On the heels of a campaign rally President Donald Trump held in Janesville over the weekend, Lieutenant Gov. Mandela Barnes joined an organization called Protect Our Care to call for the President to cancel all rallies going forward, accurately labeling them as “superspreader” events.
In a Monday morning online press conference, Barnes was joined by Dr. Howard Forman of Yale Medical School, Dr. Angela Rasmussen of Columbia University School of Public Health and Arizona State Rep. Athena Salman. Trump’s campaign was scheduled to hold two rallies in Arizona on Monday.
Barnes pointed out that both Wisconsin and Arizona have seen their COVID-19 cases rise recently and that rallies where masking and social distancing are not enforced risked becoming superspreader events.
“Donald Trump is going to places where the spread is out of control already or heading in that direction and he’s making it worse,” Barnes said.
Barnes gave the example of the Sturgis Motorcycle Rally in early August, which public health officials say played a role in the outbreak of COVID-19 cases in the Upper Midwest.
Barnes said it would be one thing if these events only affected attendees but, “The impact of these events rips through communities and have a deadly impact on individuals who have no connection to the event at all.”
Some individual cases of COVID-19 have been tied to Trump rallies but it is difficult to calculate exactly how many people have contracted the virus from these events and how they’ve contributed to larger outbreaks. Forman said this is in part because, “these are the people who are least likely to engage in the public health system to prevent the spread,” because many believe Trump’s messaging that has downplayed the risk of the virus.
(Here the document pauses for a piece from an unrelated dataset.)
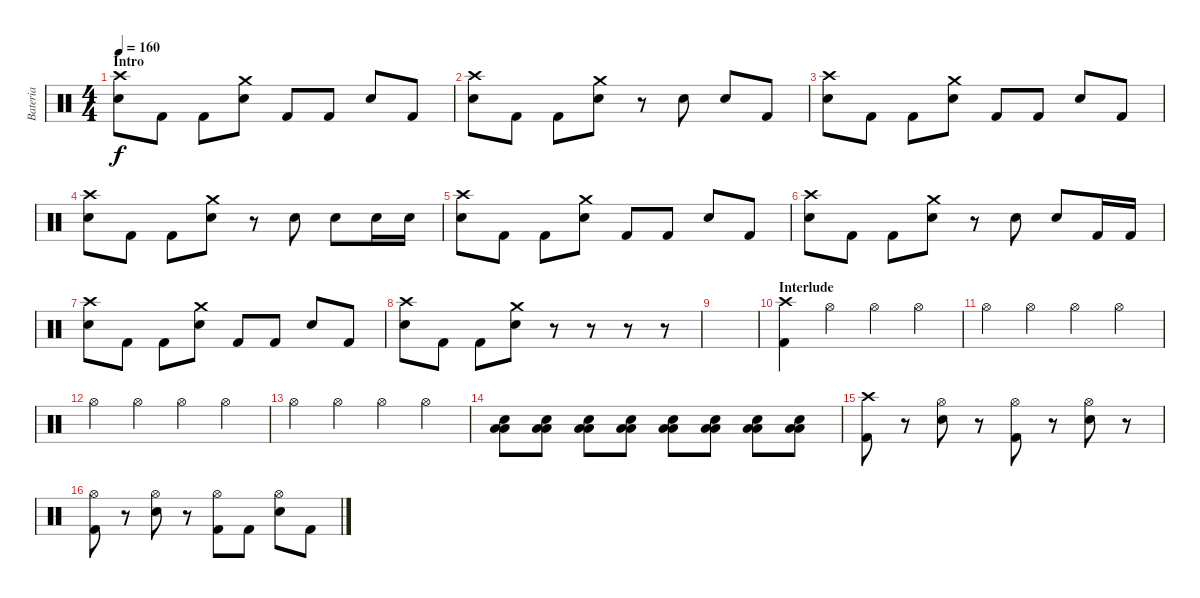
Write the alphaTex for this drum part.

“Consciously or unconsciously they are attending (the rallies) to prove the President is right,” Forman said.
Trump had held recent airport rallies in Mosinee and Oshkosh prior to last weekend’s Janesville appearance. COVID-19 numbers in Marathon and Winnebago counties shot significantly higher, coinciding with increases statewide people reduce or curtail using proper safeguards.
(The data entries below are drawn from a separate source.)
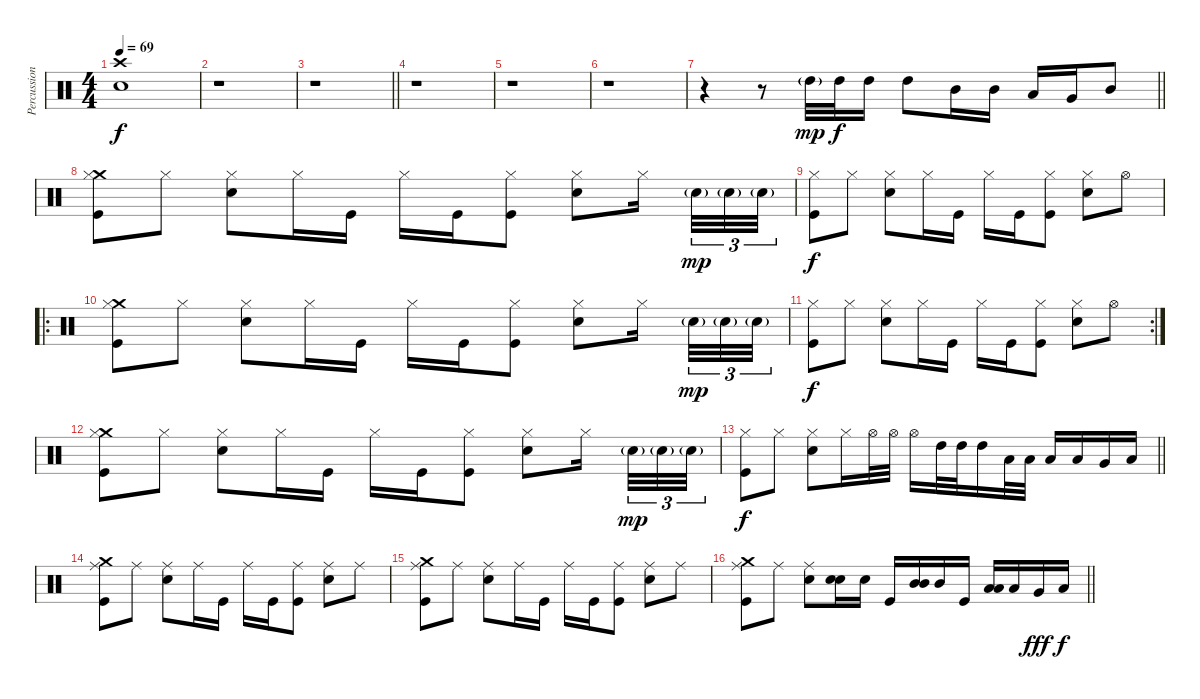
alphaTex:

\track ("Percussion" "Percussion") {instrument percussion}
\staff {score}
\articulation defaults
\ts (4 4)
\tempo 69
\clef neutral
\ks c
("Crash high (hit)" "Electric Snare (hit)").1{dy f} |
r.1 |
\barLineRight lightlight
r.1 |
r.1 |
r.1 |
r.1 |
\barLineRight lightlight
r.4 r.8 "High Tom (hit)"{g}.32{dy mp} "High Tom (hit)".32{dy f} "High Tom (hit)".16 "High Tom (hit)".8 "Mid Tom (hit)".16 "Mid Tom (hit)".16 "Low Tom (hit)".16 "Very Low Tom (hit)".16 "Mid Tom (hit)".8 |
("Crash medium (hit)" "Kick (hit)" "Hi-Hat (closed)").8 "Hi-Hat (closed)".8 ("Electric Snare (hit)" "Hi-Hat (closed)").8 "Hi-Hat (closed)".16 "Kick (hit)".16 "Hi-Hat (closed)".16 "Kick (hit)".16 ("Kick (hit)" "Hi-Hat (closed)").8 ("Electric Snare (hit)" "Hi-Hat (closed)").8 "Hi-Hat (closed)".16{beam splitsecondary} "Electric Snare (hit)"{g}.32{tu (3 2) dy mp} "Electric Snare (hit)"{g}.32{tu (3 2)} "Electric Snare (hit)"{g}.32{tu (3 2)} |
("Kick (hit)" "Hi-Hat (closed)").8{dy f} "Hi-Hat (closed)".8 ("Electric Snare (hit)" "Hi-Hat (closed)").8 "Hi-Hat (closed)".16 "Kick (hit)".16 "Hi-Hat (closed)".16 "Kick (hit)".16 ("Kick (hit)" "Hi-Hat (closed)").8 ("Electric Snare (hit)" "Hi-Hat (closed)").8 "Hi-Hat (open)".8 |
\ro
("Crash medium (hit)" "Kick (hit)" "Hi-Hat (closed)").8 "Hi-Hat (closed)".8 ("Electric Snare (hit)" "Hi-Hat (closed)").8 "Hi-Hat (closed)".16 "Kick (hit)".16 "Hi-Hat (closed)".16 "Kick (hit)".16 ("Kick (hit)" "Hi-Hat (closed)").8 ("Electric Snare (hit)" "Hi-Hat (closed)").8 "Hi-Hat (closed)".16{beam splitsecondary} "Electric Snare (hit)"{g}.32{tu (3 2) dy mp} "Electric Snare (hit)"{g}.32{tu (3 2)} "Electric Snare (hit)"{g}.32{tu (3 2)} |
\rc 2
("Kick (hit)" "Hi-Hat (closed)").8{dy f} "Hi-Hat (closed)".8 ("Electric Snare (hit)" "Hi-Hat (closed)").8 "Hi-Hat (closed)".16 "Kick (hit)".16 "Hi-Hat (closed)".16 "Kick (hit)".16 ("Kick (hit)" "Hi-Hat (closed)").8 ("Electric Snare (hit)" "Hi-Hat (closed)").8 "Hi-Hat (open)".8 |
("Crash medium (hit)" "Kick (hit)" "Hi-Hat (closed)").8 "Hi-Hat (closed)".8 ("Electric Snare (hit)" "Hi-Hat (closed)").8 "Hi-Hat (closed)".16 "Kick (hit)".16 "Hi-Hat (closed)".16 "Kick (hit)".16 ("Kick (hit)" "Hi-Hat (closed)").8 ("Electric Snare (hit)" "Hi-Hat (closed)").8 "Hi-Hat (closed)".16{beam splitsecondary} "Electric Snare (hit)"{g}.32{tu (3 2) dy mp} "Electric Snare (hit)"{g}.32{tu (3 2)} "Electric Snare (hit)"{g}.32{tu (3 2)} |
\barLineRight lightlight
("Kick (hit)" "Hi-Hat (closed)").8{dy f} "Hi-Hat (closed)".8 ("Electric Snare (hit)" "Hi-Hat (closed)").8 "Hi-Hat (closed)".16 "Hi-Hat (open)".32 "Hi-Hat (open)".32 "Hi-Hat (open)".16 "High Tom (hit)".32 "High Tom (hit)".32 "High Tom (hit)".16 "Low Tom (hit)".32 "Low Tom (hit)".32 "Low Tom (hit)".16 "Low Tom (hit)".16 "Very Low Tom (hit)".16 "Low Floor Tom (hit)".16 |
("Crash medium (hit)" "Kick (hit)" "Ride (middle)").8 "Ride (middle)".8 ("Electric Snare (hit)" "Ride (middle)").8 "Ride (middle)".16 "Kick (hit)".16 "Ride (middle)".16 "Kick (hit)".16 ("Kick (hit)" "Ride (middle)").8 ("Electric Snare (hit)" "Ride (middle)").8 "Ride (middle)".8 |
("Crash medium (hit)" "Kick (hit)" "Ride (middle)").8 "Ride (middle)".8 ("Electric Snare (hit)" "Ride (middle)").8 "Ride (middle)".16 "Kick (hit)".16 "Ride (middle)".16 "Kick (hit)".16 ("Kick (hit)" "Ride (middle)").8 ("Electric Snare (hit)" "Ride (middle)").8 "Ride (middle)".8 |
\barLineRight lightlight
("Crash medium (hit)" "Kick (hit)" "Ride (middle)").8 "Ride (middle)".8 ("Electric Snare (hit)" "Ride (middle)").8 ("Electric Snare (hit)" "Electric Snare (hit)").16{bd 60} "Electric Snare (hit)".16 "Kick (hit)".16 ("Mid Tom (hit)" "Mid Tom (hit)").16{bd 240} "Mid Tom (hit)".16 "Kick (hit)".16 ("Low Floor Tom (hit)" "Low Floor Tom (hit)").16{bd 240} "Low Floor Tom (hit)".16 "Very Low Tom (hit)".16{dy fff} "Low Floor Tom (hit)".16{dy f}

Forman said the rallies also present a secondary risk in that they are modeling risky behaviors.
“In this situation the President has a responsibility and an ability to lead by example and he is choosing not to,” Forman said. “There are literally tens of thousands of people who lost their lives for no other reason than they were modeling bad behavior.”
When asked how they would respond to claims that their call to cancel rallies is political and not in the interest of public health, Barnes pointed to Ohio’s Republican Gov. Mike DeWine who continues to advocate for Ohioans to wear masks and take other precautions.
Forman lamented that COVID-19 mitigation measures were politicized in the first place.
“These are nonpartisan and nonpolitical messages,” Forman said. “It is a disaster for our nation that it has become political but it is not political. It is fact-based. It is science.”